* _TASK TO CARRY OUT_
Copy without pictures. Please restate each line of the listing exactly.

++++++++++

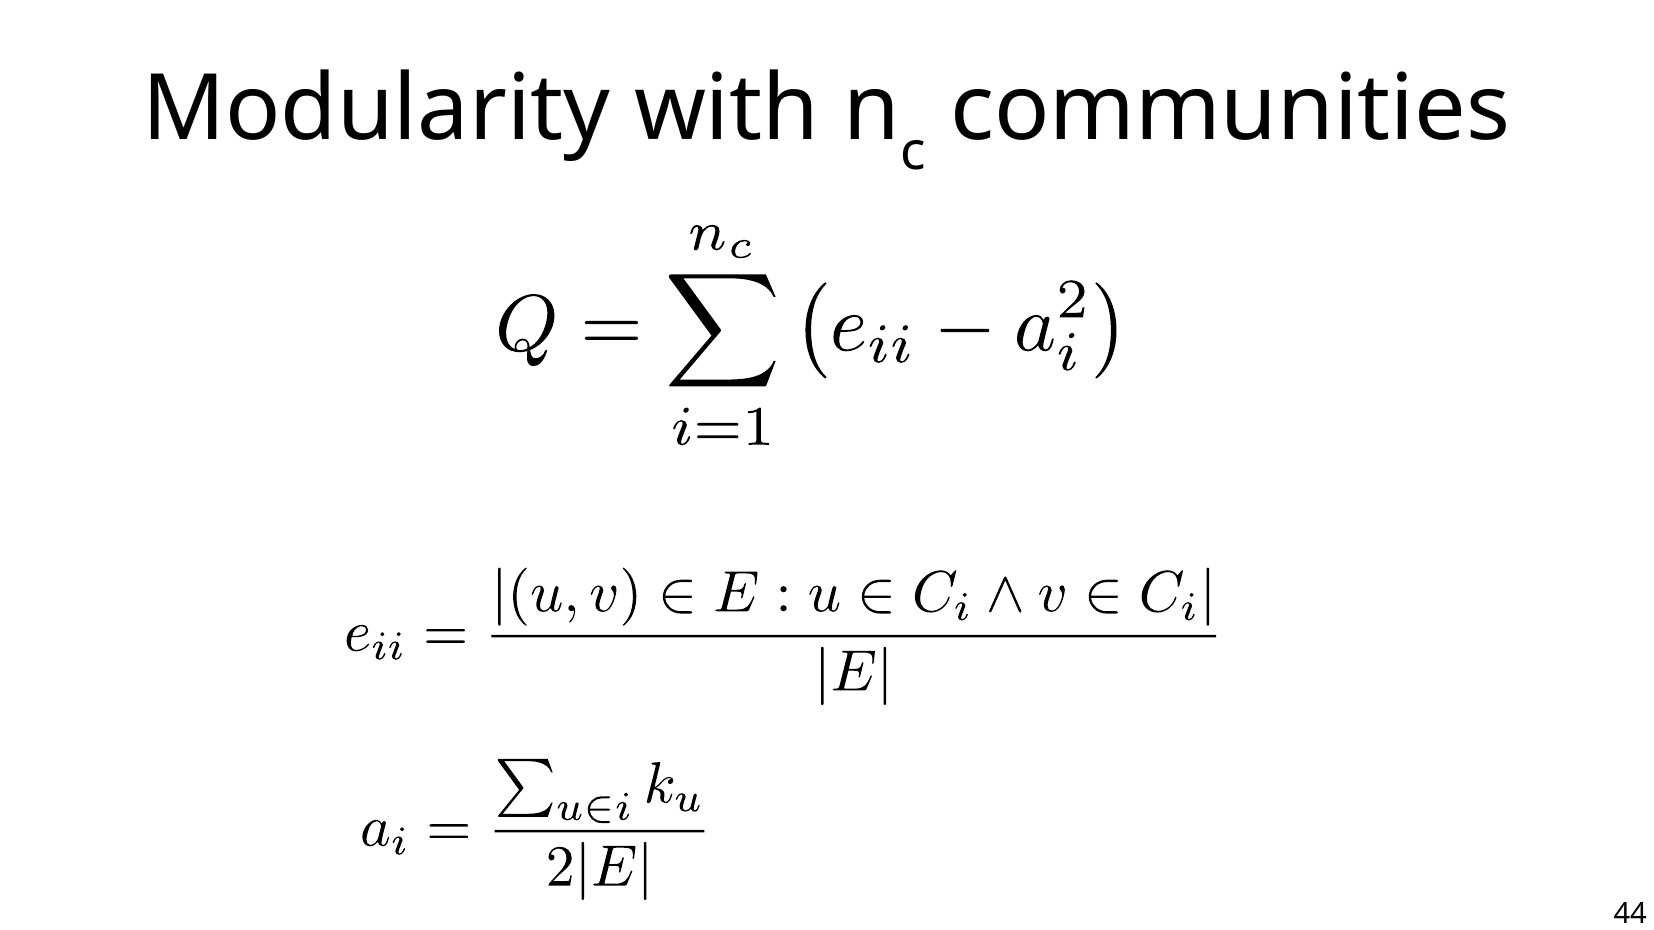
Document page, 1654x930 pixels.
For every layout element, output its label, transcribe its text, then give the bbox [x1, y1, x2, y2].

text_box [360, 758, 705, 901]
text_box [343, 567, 1217, 706]
text_box [495, 224, 1129, 446]
title Modularity with nc communities [82, 1, 1571, 225]
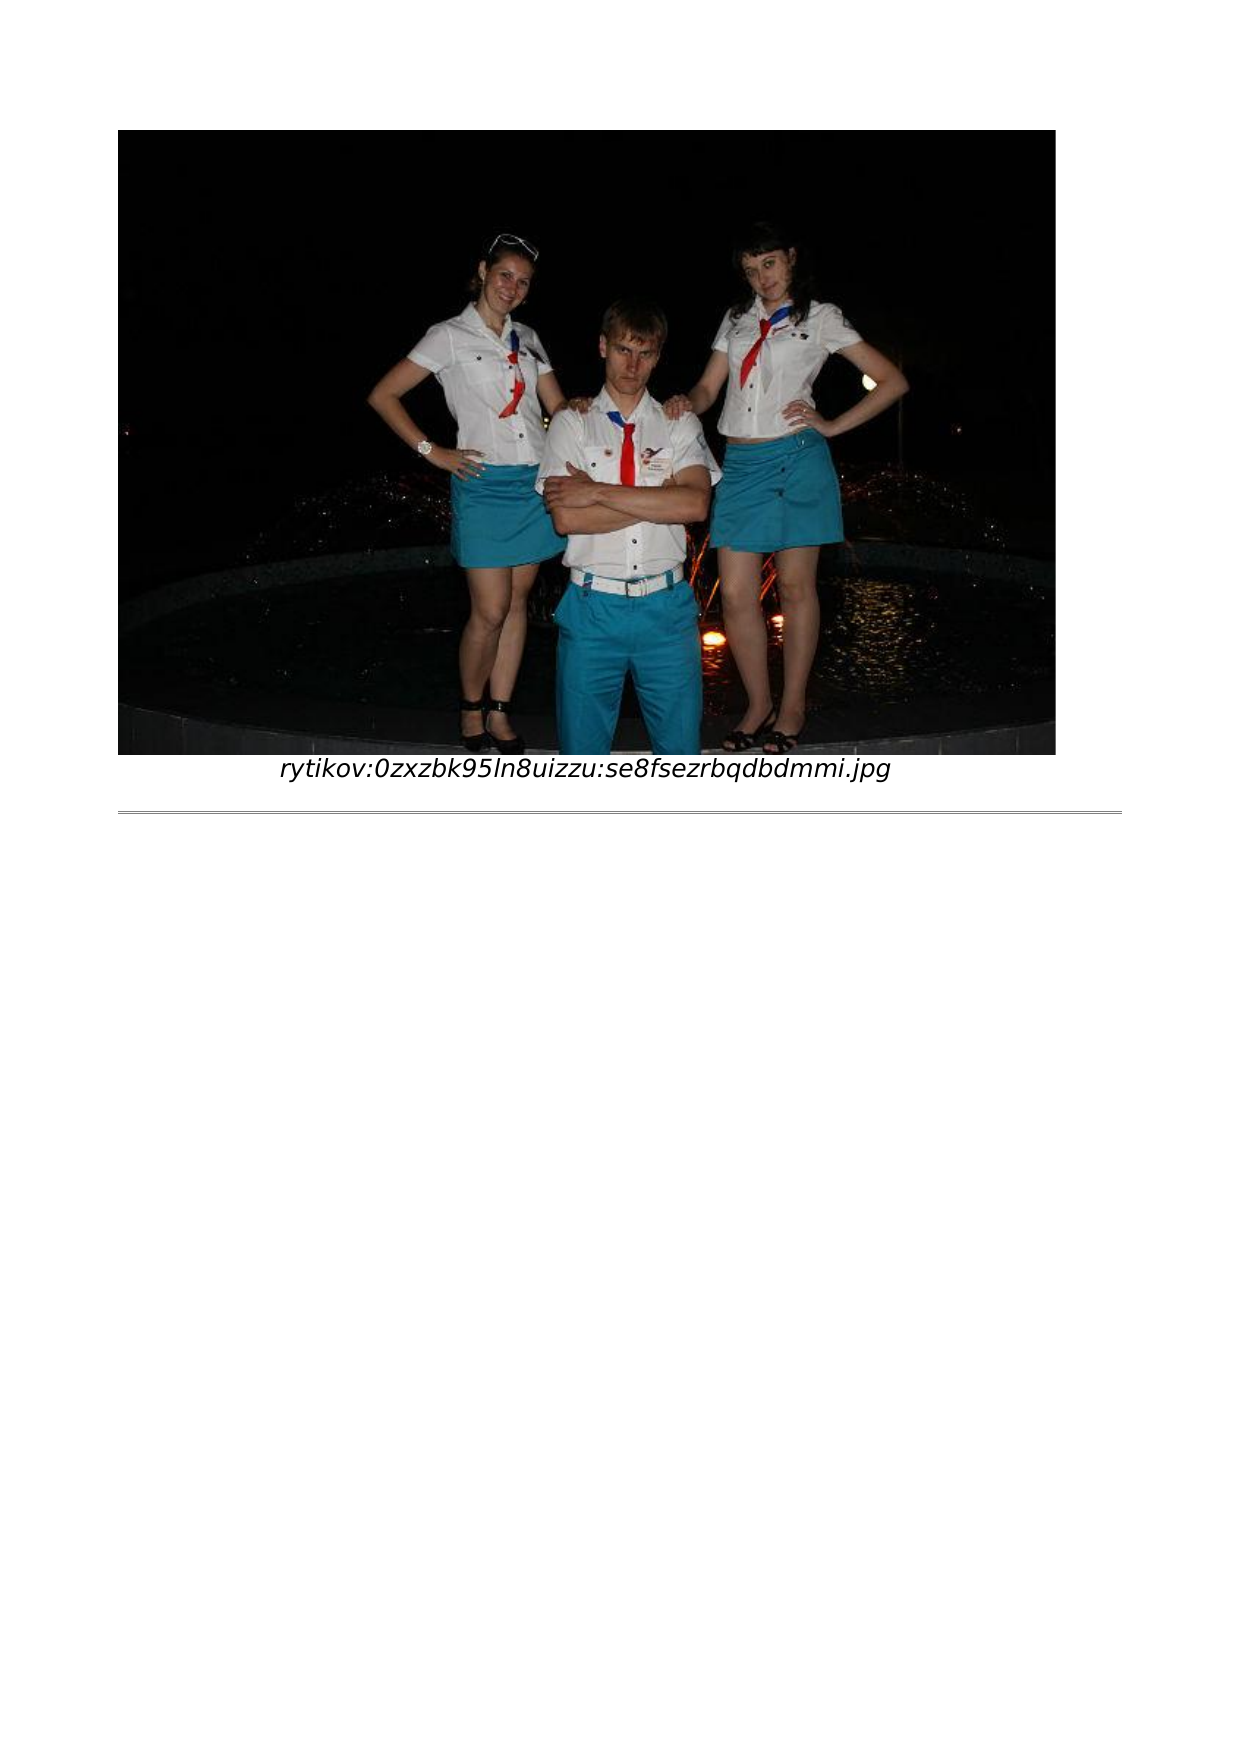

++++++++++

* _SOLUTION TO THIS EXERCISE_
Document page, 1654x930 pixels.
For every layout element, output its label, transcribe its text, then give the bbox [x1, y1, x2, y2].

text_box [360, 758, 705, 901]
text_box [343, 567, 1217, 706]
text_box [495, 224, 1129, 446]
title Modularity with nc communities [82, 1, 1571, 225]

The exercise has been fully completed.